I've heard reference to a book called, "The Secret". I think it's classic new-age nonsense, but, seems to be the current formatting of it.

Anybody know much about it, or have people close to you who are being influenced by it?


----------



## Blueridge Believer (May 1, 2007)

tdowns007 said:


> I've heard reference to a book called, "The Secret". I think it's classic new-age nonsense, but, seems to be the current formatting of it.
> 
> Anybody know much about it, or have people close to you who are being influenced by it?




Al Mohler did a show about it recently. You might check out his website. Oprah is pushing this tripe.


----------



## Philbeck (May 2, 2007)

I have several friends at school that swear by it. I think it has something to do with a state of mind. Like I was riding with a person who likes it and they say you just have to think about what you want. We were in a mall parking lot and they kept saying "parking space" and then we found one up front close to the door.
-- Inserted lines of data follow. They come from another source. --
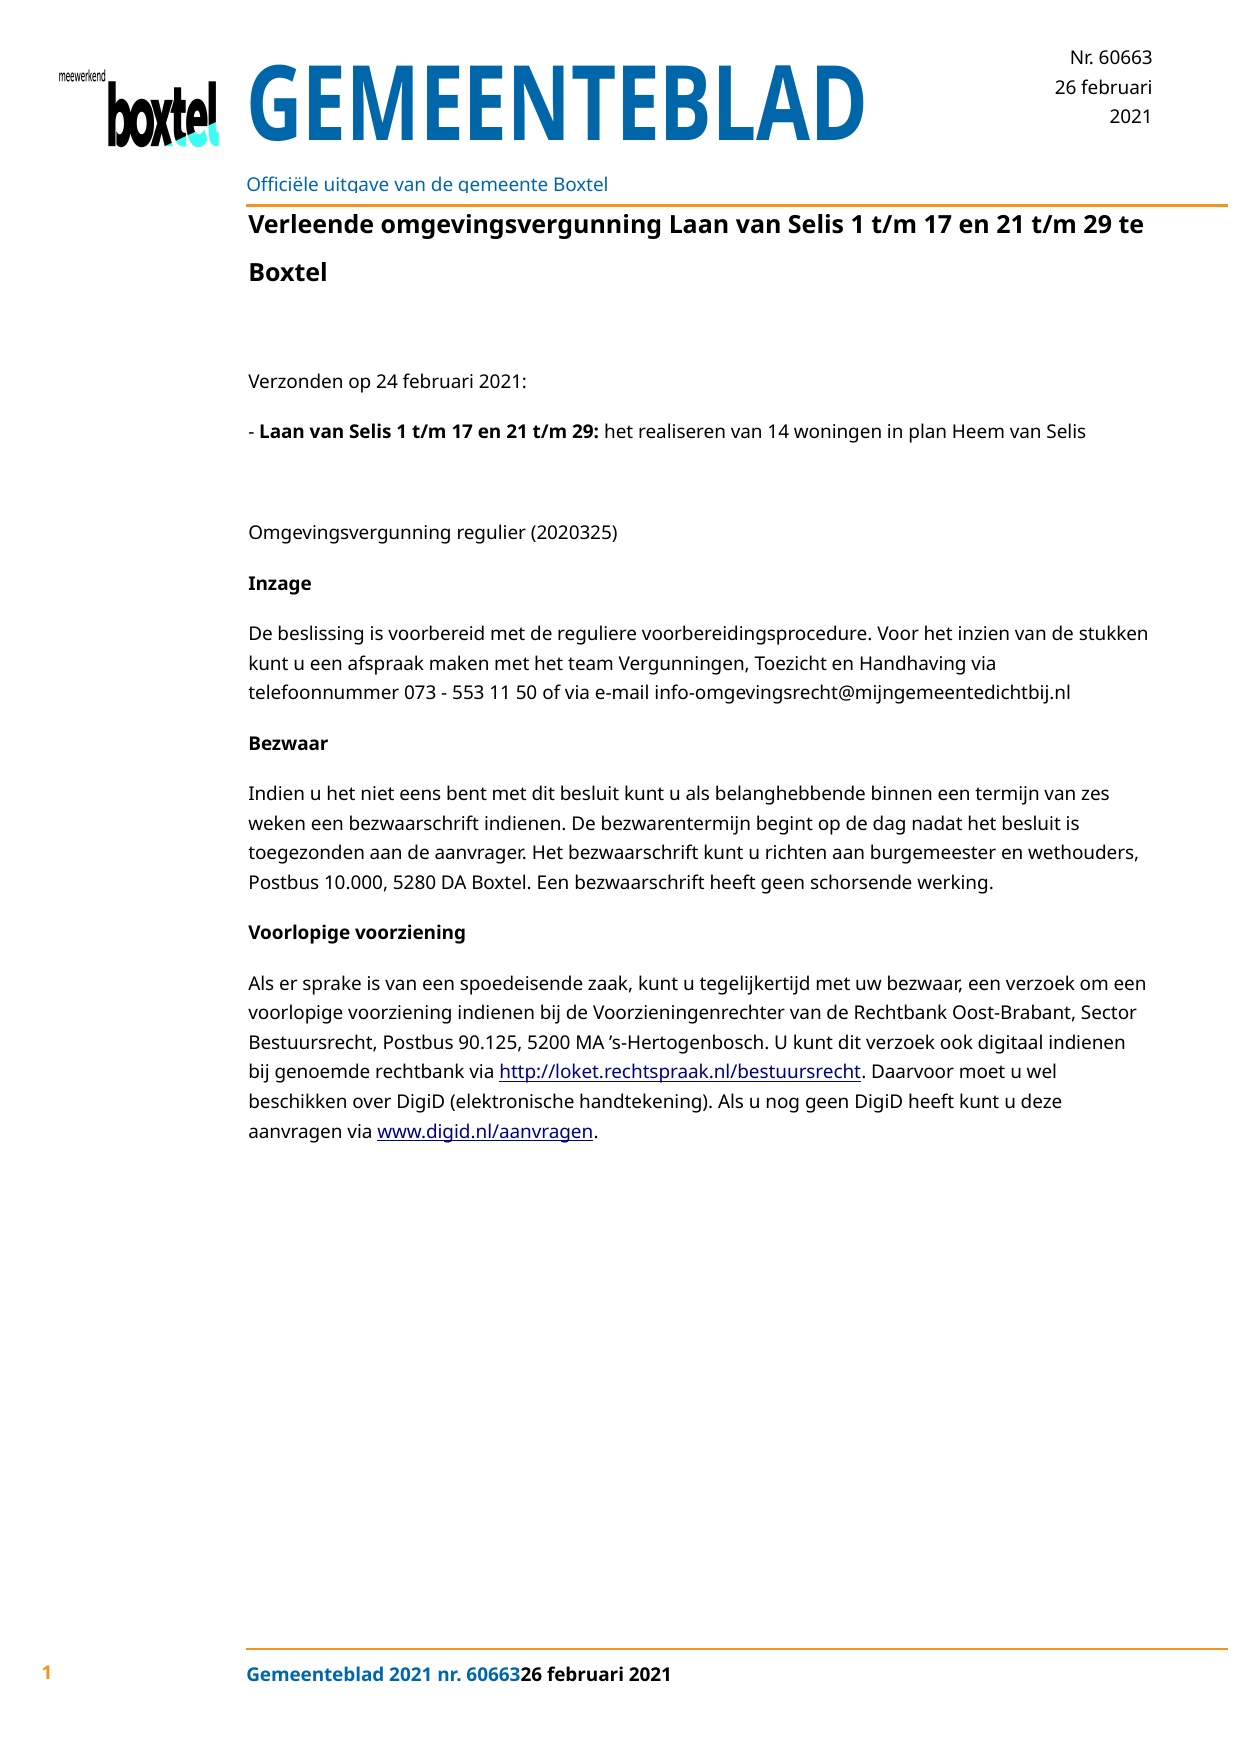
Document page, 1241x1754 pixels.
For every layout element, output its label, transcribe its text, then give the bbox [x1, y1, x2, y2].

text - Laan van Selis 1 t/m 17 en 21 t/m 29: het realiseren van 14 woningen in plan Heem van Selis [248, 419, 1152, 444]
text Indien u het niet eens bent met dit besluit kunt u als belanghebbende binnen een termijn van zes weken een bezwaarschrift indienen. De bezwarentermijn begint op de dag nadat het besluit is toegezonden aan de aanvrager. Het bezwaarschrift kunt u richten aan burgemeester en wethouders, Postbus 10.000, 5280 DA Boxtel. Een bezwaarschrift heeft geen schorsende werking. [248, 780, 1152, 895]
text Bezwaar [248, 730, 1152, 756]
text De beslissing is voorbereid met de reguliere voorbereidingsprocedure. Voor het inzien van de stukken kunt u een afspraak maken met het team Vergunningen, Toezicht en Handhaving via telefoonnummer 073 - 553 11 50 of via e-mail info-omgevingsrecht@mijngemeentedichtbij.nl [248, 620, 1152, 705]
text Verzonden op 24 februari 2021: [248, 368, 1152, 394]
text Omgevingsvergunning regulier (2020325) [248, 519, 1152, 545]
text Inzage [248, 570, 1152, 596]
text Voorlopige voorziening [248, 919, 1152, 945]
picture [41, 47, 231, 172]
text Verleende omgevingsvergunning Laan van Selis 1 t/m 17 en 21 t/m 29 te Boxtel [248, 207, 1152, 288]
text Als er sprake is van een spoedeisende zaak, kunt u tegelijkertijd met uw bezwaar, een verzoek om een voorlopige voorziening indienen bij de Voorzieningenrechter van de Rechtbank Oost-Brabant, Sector Bestuursrecht, Postbus 90.125, 5200 MA ’s-Hertogenbosch. U kunt dit verzoek ook digitaal indienen bij genoemde rechtbank via http://loket.rechtspraak.nl/bestuursrecht. Daarvoor moet u wel beschikken over DigiD (elektronische handtekening). Als u nog geen DigiD heeft kunt u deze aanvragen via www.digid.nl/aanvragen. [248, 970, 1152, 1144]

Does anyone know what it is really about?


----------



## Civbert (May 2, 2007)

I think it has something to do with Scripturalism.


----------



## tdowns (May 2, 2007)

*Sounds like.....*

Norman Vincent Peal, positive thinking stuff.....basically, Hindu, the Universe is God and everything in it (including us) is part of the stuff of God, so when we "put out" good thoughts, it affects reality, Star War's, The Force is similar......basically, the antithesis to the reality of a Personal, All Powerful God controls the Universe and is NOT the Universe.....in these circles, prayer is changing the Universe (God) to mold into our needs and desires.....I'm sure some of these logic guys could drive this into the ground very quickly.....I mean, can you imagine, all of humanities thoughts, actually affecting the Universe.......talk about a mess!!!!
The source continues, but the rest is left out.